[DATA FOR THE TASK Boundary: Start]
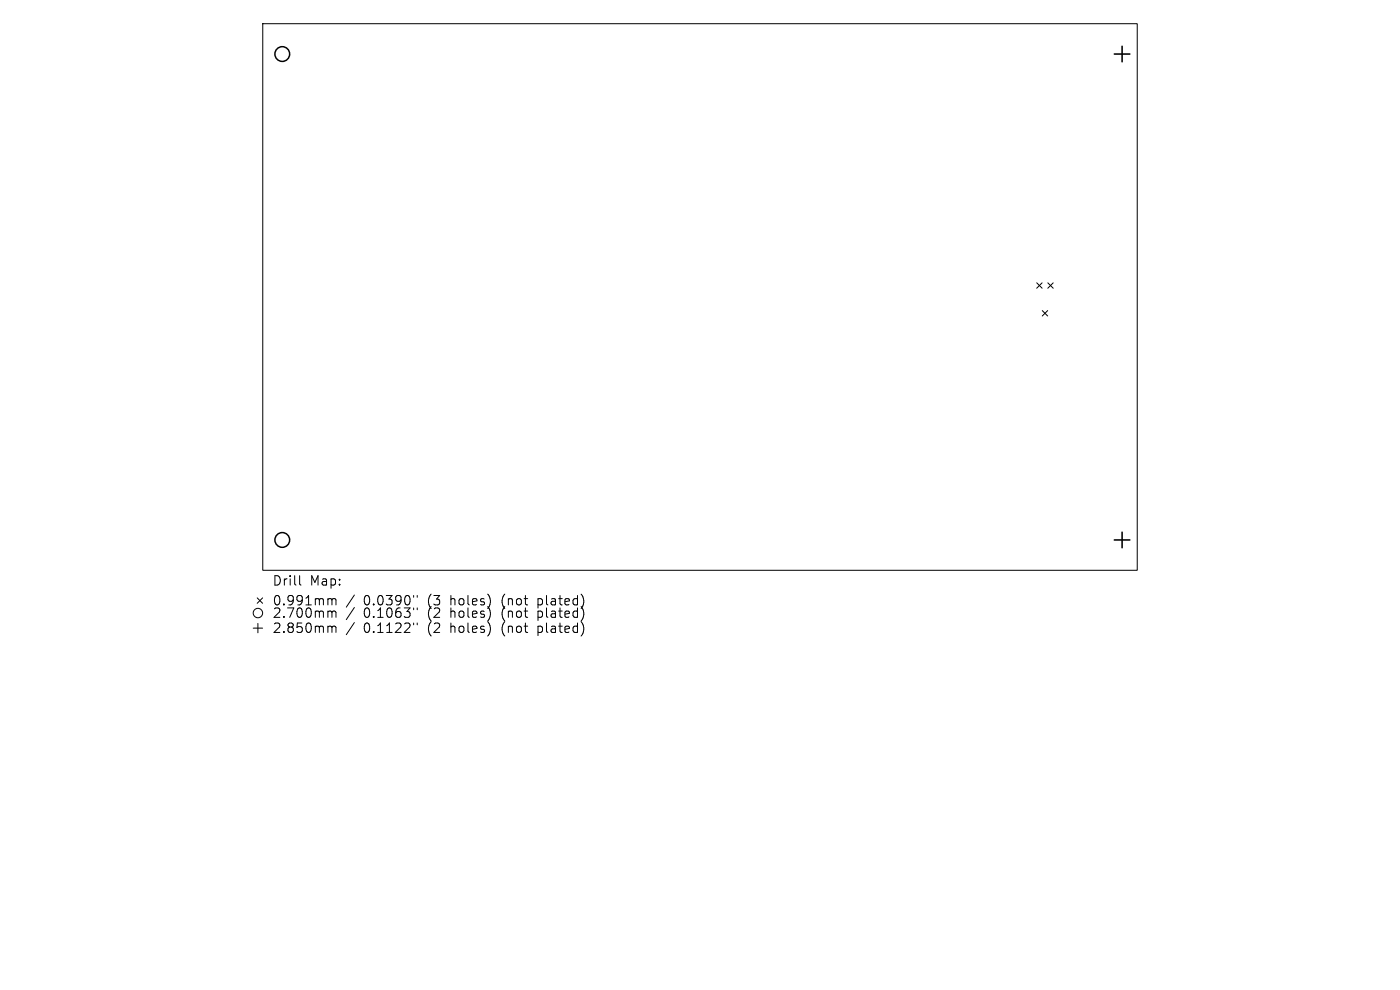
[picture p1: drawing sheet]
<svg xmlns="http://www.w3.org/2000/svg" width="297mm" height="210mm" viewBox="0 0 297 210" stroke-linecap="round" stroke-linejoin="round" font-family="sans-serif">
<defs><g id="words">
<g font-size="2.8">
<text x="57.7" y="124.5">Drill</text>
<text x="65.7" y="124.5">Map:</text>
<text x="57.7" y="128.7">0.991mm</text>
<text x="57.7" y="131.3">2.700mm</text>
<text x="77.2" y="128.7">0.0390&quot;</text>
<text x="77.2" y="131.3">0.1063&quot;</text>
<text x="90.9" y="128.7">(3</text>
<text x="90.9" y="131.3">(2</text>
<text x="95.8" y="128.7">holes)</text>
<text x="95.8" y="131.3">holes)</text>
<text x="106.9" y="128.7">(not</text>
<text x="106.9" y="131.3">(not</text>
<text x="114.7" y="128.7">plated)</text>
<text x="114.7" y="131.3">plated)</text>
<text x="57.7" y="134.5">2.850mm</text>
<text x="77.2" y="134.5">0.1122&quot;</text>
<text x="90.9" y="134.5">(2</text>
<text x="95.8" y="134.5">holes)</text>
<text x="106.9" y="134.5">(not</text>
<text x="114.7" y="134.5">plated)</text>
</g>
</g></defs>
<g fill="none" stroke="#000" stroke-width=".21">
<path d="M55.7 5h185.6v116h-185.6zM219.9 60l1.2 1.1M221.1 60l-1.2 1.1M222.3 60l1.1 1.1M223.4 60l-1.1 1.1M221.1 65.9l1.2 1.1M222.3 65.9l-1.2 1.1M53.7 133.2h2M54.6 126.8l1.1 1.2M54.7 132.2v2M55.7 126.8l-1.1 1.2M63.6 122.1v1.7l.2 .3"/>
<path d="M69.8 127l.5 .1 .1 .2M69.8 129.6l.5 .1 .1 .2M69.8 132.8l.5 .1 .1 .2M70.4 127.3l.3-.3 .5 .1 .1 1.2M70.4 127.3v1M70.4 129.9v1.1M70.4 133.1v1.1M70.4 129.9l.3-.3 .5 .1 .1 1.3M70.4 133.1l.3-.3 .5 .1 .1 1.3M75.2 126.2l-1.7 2.6M75.2 128.9l-1.7 2.5M75.2 132.1l-1.7 2.5"/>
<path d="M87.8 126.3v.4M87.8 129v.3M87.8 132.2v.3M88.5 126.3v.4M88.5 129v.3M88.5 132.2v.3"/>
<circle cx="54.7" cy="130" r="1"/>
</g>
<g fill="none" stroke="#000" stroke-width=".31">
<circle cx="59.9" cy="11.5" r="1.57"/>
<circle cx="59.9" cy="114.5" r="1.57"/>
</g>
<path d="M236.4 11.5h3.3M238 9.8v3.3M236.4 114.5h3.3M238 112.9v3.3" fill="none" stroke="#000" stroke-width=".33"/>
<use href="#words"/>
</svg>
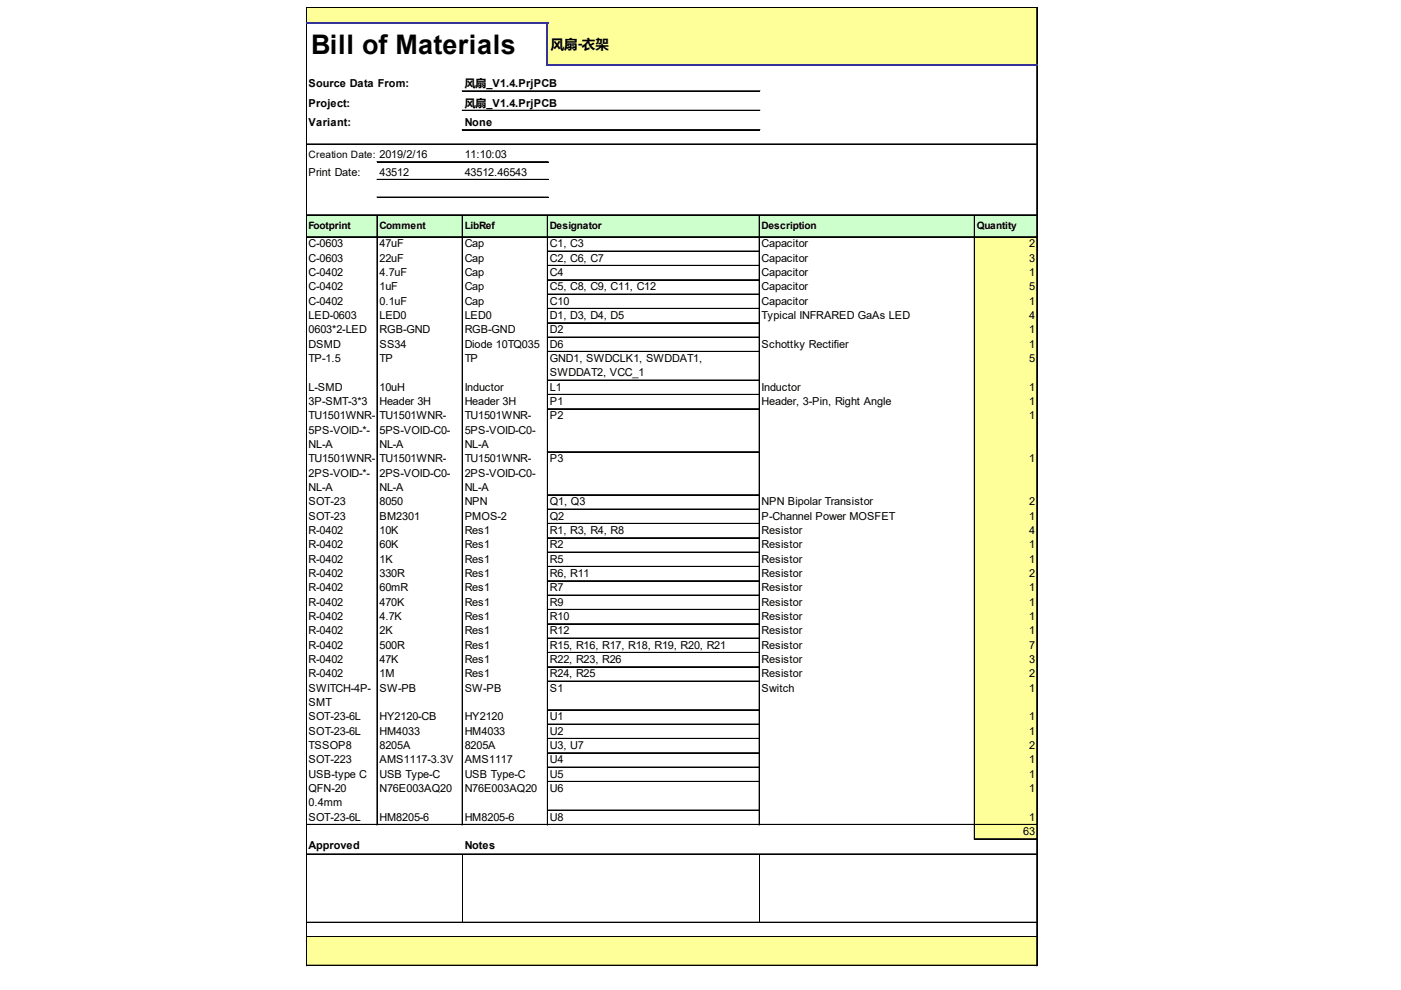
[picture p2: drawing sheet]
<svg xmlns="http://www.w3.org/2000/svg" width="297mm" height="210mm" viewBox="0 0 297 210" stroke-linecap="round" stroke-linejoin="round" font-family="sans-serif">
<defs><g id="words">
<text font-size="5.7" x="66" y="11.4">Bill of Materials</text>
<text font-size="2.9" x="116.8" y="10.3">风扇-衣架</text>
<g font-size="2.3">
<text x="65.4" y="18.5">Source Data From:</text>
<text x="65.4" y="22.6">Project:</text>
<text x="98.5" y="18.5">风扇_V1.4.PrjPCB</text>
<text x="98.5" y="22.6">风扇_V1.4.PrjPCB</text>
<text x="65.4" y="26.7">Variant:</text>
<text x="98.5" y="26.7">None</text>
<text x="98.5" y="33.5">11:10:03</text>
<text x="65.4" y="37.3">Print Date:</text>
<text x="80.5" y="37.3">43512</text>
<text x="98.5" y="37.3">43512.46543</text>
<text x="65.4" y="52.5">C-0603</text>
<text x="80.5" y="52.5">47uF</text>
<text x="98.5" y="52.5">Cap</text>
<text x="116.6" y="52.5">C1, C3</text>
<text x="161.5" y="52.5">Capacitor</text>
<text x="218.2" y="52.5">2</text>
<text x="65.4" y="55.5">C-0603</text>
<text x="65.4" y="58.5">C-0402</text>
<text x="80.5" y="55.5">22uF</text>
<text x="80.5" y="58.5">4.7uF</text>
<text x="98.5" y="55.5">Cap</text>
<text x="98.5" y="58.5">Cap</text>
<text x="116.6" y="55.5">C2, C6, C7</text>
<text x="116.6" y="58.5">C4</text>
<text x="161.5" y="55.5">Capacitor</text>
<text x="161.5" y="58.5">Capacitor</text>
<text x="218.2" y="55.5">3</text>
<text x="218.2" y="58.5">1</text>
<text x="65.4" y="61.6">C-0402</text>
<text x="65.4" y="64.6">C-0402</text>
<text x="80.5" y="61.6">1uF</text>
<text x="80.5" y="64.6">0.1uF</text>
<text x="98.5" y="61.6">Cap</text>
<text x="98.5" y="64.6">Cap</text>
<text x="116.6" y="61.6">C5, C8, C9, C11, C12</text>
<text x="116.6" y="64.6">C10</text>
<text x="161.5" y="61.6">Capacitor</text>
<text x="161.5" y="64.6">Capacitor</text>
<text x="218.2" y="61.6">5</text>
<text x="218.2" y="64.6">1</text>
<text x="65.4" y="67.7">LED-0603</text>
<text x="65.4" y="70.7">0603*2-LED</text>
<text x="80.5" y="67.7">LED0</text>
<text x="80.5" y="70.7">RGB-GND</text>
<text x="98.5" y="67.7">LED0</text>
<text x="98.5" y="70.7">RGB-GND</text>
<text x="116.6" y="67.7">D1, D3, D4, D5</text>
<text x="116.6" y="70.7">D2</text>
<text x="161.5" y="67.7">Typical INFRARED GaAs LED</text>
<text x="218.2" y="67.7">4</text>
<text x="218.2" y="70.7">1</text>
<text x="65.4" y="73.7">DSMD</text>
<text x="65.4" y="76.8">TP-1.5</text>
<text x="80.5" y="73.7">SS34</text>
<text x="80.5" y="76.8">TP</text>
<text x="98.5" y="73.7">Diode 10TQ035</text>
<text x="98.5" y="76.8">TP</text>
<text x="116.6" y="73.7">D6</text>
<text x="116.6" y="76.8">GND1, SWDCLK1, SWDDAT1,</text>
<text x="161.5" y="73.7">Schottky Rectifier</text>
<text x="218.2" y="73.7">1</text>
<text x="218.2" y="76.8">5</text>
<text x="65.4" y="82.9">L-SMD</text>
<text x="80.5" y="82.9">10uH</text>
<text x="98.5" y="82.9">Inductor</text>
<text x="116.6" y="79.8">SWDDAT2, VCC_1</text>
<text x="116.6" y="82.9">L1</text>
<text x="161.5" y="82.9">Inductor</text>
<text x="218.2" y="82.9">1</text>
<text x="65.4" y="85.9">3P-SMT-3*3</text>
<text x="65.4" y="88.9">TU1501WNR-</text>
<text x="80.5" y="85.9">Header 3H</text>
<text x="80.5" y="88.9">TU1501WNR-</text>
<text x="98.5" y="85.9">Header 3H</text>
<text x="98.5" y="88.9">TU1501WNR-</text>
<text x="116.6" y="85.9">P1</text>
<text x="116.6" y="88.9">P2</text>
<text x="161.5" y="85.9">Header, 3-Pin, Right Angle</text>
<text x="218.2" y="85.9">1</text>
<text x="218.2" y="88.9">1</text>
<text x="65.4" y="92">5PS-VOID-*-</text>
<text x="65.4" y="95">NL-A</text>
<text x="80.5" y="92">5PS-VOID-C0-</text>
<text x="80.5" y="95">NL-A</text>
<text x="98.5" y="92">5PS-VOID-C0-</text>
<text x="98.5" y="95">NL-A</text>
<text x="65.4" y="98">TU1501WNR-</text>
<text x="65.4" y="101.1">2PS-VOID-*-</text>
<text x="80.5" y="98">TU1501WNR-</text>
<text x="80.5" y="101.1">2PS-VOID-C0-</text>
<text x="98.5" y="98">TU1501WNR-</text>
<text x="98.5" y="101.1">2PS-VOID-C0-</text>
<text x="116.6" y="98">P3</text>
<text x="218.2" y="98">1</text>
<text x="65.4" y="104.1">NL-A</text>
<text x="65.4" y="107.2">SOT-23</text>
<text x="80.5" y="104.1">NL-A</text>
<text x="80.5" y="107.2">8050</text>
<text x="98.5" y="104.1">NL-A</text>
<text x="98.5" y="107.2">NPN</text>
<text x="116.6" y="107.2">Q1, Q3</text>
<text x="161.5" y="107.2">NPN Bipolar Transistor</text>
<text x="218.2" y="107.2">2</text>
<text x="65.4" y="110.2">SOT-23</text>
<text x="65.4" y="113.2">R-0402</text>
<text x="80.5" y="110.2">BM2301</text>
<text x="80.5" y="113.2">10K</text>
<text x="98.5" y="110.2">PMOS-2</text>
<text x="98.5" y="113.2">Res1</text>
<text x="116.6" y="110.2">Q2</text>
<text x="116.6" y="113.2">R1, R3, R4, R8</text>
<text x="161.5" y="110.2">P-Channel Power MOSFET</text>
<text x="161.5" y="113.2">Resistor</text>
<text x="218.2" y="110.2">1</text>
<text x="218.2" y="113.2">4</text>
<text x="65.4" y="116.3">R-0402</text>
<text x="65.4" y="119.3">R-0402</text>
<text x="80.5" y="116.3">60K</text>
<text x="80.5" y="119.3">1K</text>
<text x="98.5" y="116.3">Res1</text>
<text x="98.5" y="119.3">Res1</text>
<text x="116.6" y="116.3">R2</text>
<text x="116.6" y="119.3">R5</text>
<text x="161.5" y="116.3">Resistor</text>
<text x="161.5" y="119.3">Resistor</text>
<text x="218.2" y="116.3">1</text>
<text x="218.2" y="119.3">1</text>
<text x="65.4" y="122.4">R-0402</text>
<text x="65.4" y="125.4">R-0402</text>
<text x="80.5" y="122.4">330R</text>
<text x="80.5" y="125.4">60mR</text>
<text x="98.5" y="122.4">Res1</text>
<text x="98.5" y="125.4">Res1</text>
<text x="116.6" y="122.4">R6, R11</text>
<text x="116.6" y="125.4">R7</text>
<text x="161.5" y="122.4">Resistor</text>
<text x="161.5" y="125.4">Resistor</text>
<text x="218.2" y="122.4">2</text>
<text x="218.2" y="125.4">1</text>
<text x="65.4" y="128.4">R-0402</text>
<text x="65.4" y="131.5">R-0402</text>
<text x="80.5" y="128.4">470K</text>
<text x="80.5" y="131.5">4.7K</text>
<text x="98.5" y="128.4">Res1</text>
<text x="98.5" y="131.5">Res1</text>
<text x="116.6" y="128.4">R9</text>
<text x="116.6" y="131.5">R10</text>
<text x="161.5" y="128.4">Resistor</text>
<text x="161.5" y="131.5">Resistor</text>
<text x="218.2" y="128.4">1</text>
<text x="218.2" y="131.5">1</text>
<text x="65.4" y="134.5">R-0402</text>
<text x="65.4" y="137.6">R-0402</text>
<text x="80.5" y="134.5">2K</text>
<text x="80.5" y="137.6">500R</text>
<text x="98.5" y="134.5">Res1</text>
<text x="98.5" y="137.6">Res1</text>
<text x="116.6" y="134.5">R12</text>
<text x="116.6" y="137.6">R15, R16, R17, R18, R19, R20, R21</text>
<text x="161.5" y="134.5">Resistor</text>
<text x="161.5" y="137.6">Resistor</text>
<text x="218.2" y="134.5">1</text>
<text x="218.2" y="137.6">7</text>
<text x="65.4" y="140.6">R-0402</text>
<text x="65.4" y="143.6">R-0402</text>
<text x="80.5" y="140.6">47K</text>
<text x="80.5" y="143.6">1M</text>
<text x="98.5" y="140.6">Res1</text>
<text x="98.5" y="143.6">Res1</text>
<text x="116.6" y="140.6">R22, R23, R26</text>
<text x="116.6" y="143.6">R24, R25</text>
<text x="161.5" y="140.6">Resistor</text>
<text x="161.5" y="143.6">Resistor</text>
<text x="218.2" y="140.6">3</text>
<text x="218.2" y="143.6">2</text>
<text x="65.4" y="146.7">SWITCH-4P-</text>
<text x="65.4" y="149.7">SMT</text>
<text x="80.5" y="146.7">SW-PB</text>
<text x="98.5" y="146.7">SW-PB</text>
<text x="116.6" y="146.7">S1</text>
<text x="161.5" y="146.7">Switch</text>
<text x="218.2" y="146.7">1</text>
<text x="65.4" y="152.8">SOT-23-6L</text>
<text x="65.4" y="155.8">SOT-23-6L</text>
<text x="80.5" y="152.8">HY2120-CB</text>
<text x="80.5" y="155.8">HM4033</text>
<text x="98.5" y="152.8">HY2120</text>
<text x="98.5" y="155.8">HM4033</text>
<text x="116.6" y="152.8">U1</text>
<text x="116.6" y="155.8">U2</text>
<text x="218.2" y="152.8">1</text>
<text x="218.2" y="155.8">1</text>
<text x="65.4" y="158.8">TSSOP8</text>
<text x="65.4" y="161.9">SOT-223</text>
<text x="80.5" y="158.8">8205A</text>
<text x="80.5" y="161.9">AMS1117-3.3V</text>
<text x="98.5" y="158.8">8205A</text>
<text x="98.5" y="161.9">AMS1117</text>
<text x="116.6" y="158.8">U3, U7</text>
<text x="116.6" y="161.9">U4</text>
<text x="218.2" y="158.8">2</text>
<text x="218.2" y="161.9">1</text>
<text x="65.4" y="164.9">USB-type C</text>
<text x="65.4" y="167.9">QFN-20</text>
<text x="80.5" y="164.9">USB Type-C</text>
<text x="80.5" y="167.9">N76E003AQ20</text>
<text x="98.5" y="164.9">USB Type-C</text>
<text x="98.5" y="167.9">N76E003AQ20</text>
<text x="116.6" y="164.9">U5</text>
<text x="116.6" y="167.9">U6</text>
<text x="218.2" y="164.9">1</text>
<text x="218.2" y="167.9">1</text>
<text x="65.4" y="171">0.4mm</text>
<text x="65.4" y="174">SOT-23-6L</text>
<text x="80.5" y="174">HM8205-6</text>
<text x="98.5" y="174">HM8205-6</text>
<text x="116.6" y="174">U8</text>
<text x="216.9" y="177.1">63</text>
<text x="218.2" y="174">1</text>
<text x="65.4" y="180.1">Approved</text>
<text x="98.5" y="180.1">Notes</text>
</g>
<g font-size="2.1">
<text x="65.4" y="33.5">Creation Date: 2019/2/16</text>
<text x="65.4" y="48.5">Footprint</text>
<text x="80.5" y="48.5">Comment</text>
<text x="98.5" y="48.5">LibRef</text>
<text x="116.6" y="48.5">Designator</text>
<text x="161.5" y="48.5">Description</text>
<text x="207.1" y="48.5">Quantity</text>
</g>
</g></defs>
<g fill="#ff9">
<path d="M65 1.7h155v3.3h-155z"/>
<path d="M116.1 4.8h103.9v9.1h-103.9z"/>
</g>
<path d="M65 45.5h155v4.9h-155z" fill="#cfc"/>
<g fill="#ff9">
<path d="M206.6 50.2h13.4v3.2h-13.4z"/>
<path d="M206.6 53.2h13.4v3.2h-13.4z"/>
<path d="M206.6 56.3h13.4v3.2h-13.4z"/>
<path d="M206.6 59.3h13.4v3.2h-13.4z"/>
<path d="M206.6 62.3h13.4v3.3h-13.4z"/>
<path d="M206.6 65.4h13.4v3.2h-13.4z"/>
<path d="M206.6 68.4h13.4v3.2h-13.4z"/>
<path d="M206.6 71.5h13.4v3.2h-13.4z"/>
<path d="M206.6 74.5h13.4v6.2h-13.4z"/>
<path d="M206.6 80.6h13.4v3.2h-13.4z"/>
<path d="M206.6 83.6h13.4v3.2h-13.4z"/>
<path d="M206.6 86.6h13.4v9.3h-13.4z"/>
<path d="M206.6 95.8h13.4v9.3h-13.4z"/>
<path d="M206.6 104.9h13.4v3.2h-13.4z"/>
<path d="M206.6 107.9h13.4v3.2h-13.4z"/>
<path d="M206.6 111h13.4v3.2h-13.4z"/>
<path d="M206.6 114h13.4v3.2h-13.4z"/>
<path d="M206.6 117h13.4v3.3h-13.4z"/>
<path d="M206.6 120.1h13.4v3.2h-13.4z"/>
<path d="M206.6 123.1h13.4v3.2h-13.4z"/>
<path d="M206.6 126.2h13.4v3.2h-13.4z"/>
<path d="M206.6 129.2h13.4v48.8h-13.4z"/>
<path d="M65 198.6h155v6.2h-155z"/>
</g>
<g fill="none" stroke="#000" stroke-width=".21">
<path d="M64.9 1.6v3M64.9 5v199.8M65 1.6v3M65 5v199.8M65.1 1.6h154.9M98 19.3h63.1M219.8 1.7v11.8M219.8 13.9v190.9M219.9 1.7v11.8M219.9 13.9v190.9M65.1 30.5h154.9M65.1 30.6h154.9"/>
<path d="M79.9 34.3h36.3M79.9 34.4h36.3M79.9 38h36.3M79.9 38.1h36.3M98 23.4h63.1M98 23.5h63.1M98 27.5h63.1M98 27.6h63.1M65.1 45.5h154.9M65.1 45.6h154.9M65.1 50.2h154.9M65.1 50.3h154.9"/>
<path d="M79.9 45.7v129.3M79.9 41.8h36.3M79.9 41.9h36.3M80 45.7v129.3M98 45.7v129.3M98.1 45.7v129.3M116.1 45.7v129.3M116.2 53.2h44.8M116.2 53.3h44.8M116.2 56.3h44.8M116.2 59.3h44.8M116.2 59.4h44.8"/>
<path d="M161 45.7v129.3M206.6 45.7v132.3M206.7 45.7v132.3M116.2 62.3h44.8M116.2 62.4h44.8M116.2 65.4h44.8M116.2 65.5h44.8M116.2 68.4h44.8M116.2 68.5h44.8M116.2 71.5h44.8M116.2 74.5h44.8M116.2 74.6h44.8"/>
<path d="M116.2 80.6h44.8M116.2 80.7h44.8M116.2 83.6h44.8M116.2 83.7h44.8M116.2 86.6h44.8M116.2 86.7h44.8M116.2 95.8h44.8M116.2 95.9h44.8M116.2 104.9h44.8M116.2 105h44.8M116.2 107.9h44.8M116.2 108h44.8"/>
<path d="M116.2 111h44.8M116.2 111.1h44.8M116.2 114h44.8M116.2 114.1h44.8M116.2 117h44.8M116.2 117.1h44.8M116.2 120.1h44.8M116.2 120.2h44.8M116.2 123.1h44.8M116.2 123.2h44.8M116.2 126.2h44.8M116.2 129.2h44.8"/>
<path d="M116.2 129.3h44.8M116.2 132.2h44.8M116.2 132.3h44.8M116.2 135.3h44.8M116.2 135.4h44.8M116.2 138.3h44.8M116.2 138.4h44.8M116.2 141.4h44.8M116.2 144.4h44.8M116.2 144.5h44.8M116.2 150.5h44.8M116.2 150.6h44.8"/>
<path d="M116.2 153.5h44.8M116.2 153.6h44.8M116.2 156.5h44.8M116.2 156.6h44.8M116.2 159.6h44.8M116.2 159.7h44.8M65.1 174.8h154.9M65.1 174.9h154.9M116.2 162.6h44.8M116.2 162.7h44.8M116.2 165.7h44.8M116.2 165.8h44.8"/>
<path d="M116.2 171.7h44.8M116.2 171.8h44.8M206.7 177.8h13.3M206.7 177.9h13.3M65.1 181h154.9M65.1 181.1h154.9M65.1 195.5h154.9M65.1 195.6h154.9M65.1 198.6h154.9M98.1 181.2v14.3M161 181.2v14.3M65.1 204.6h154.9"/>
<path d="M65.1 204.7h154.9"/>
</g>
<path d="M64.9 4.8h51.3M116.1 5v8.9M116.2 13.7h103.8" fill="none" stroke="#339" stroke-width=".36"/>
<use href="#words"/>
</svg>
[DATA FOR THE TASK Boundary: End]
YOUR OBJECTIVE →
Check each line of the records above for the string "circle", and report every line that has it.

RESULT OF THIS TASK →
<circle cx="54.7" cy="130" r="1"/>
<circle cx="59.9" cy="11.5" r="1.57"/>
<circle cx="59.9" cy="114.5" r="1.57"/>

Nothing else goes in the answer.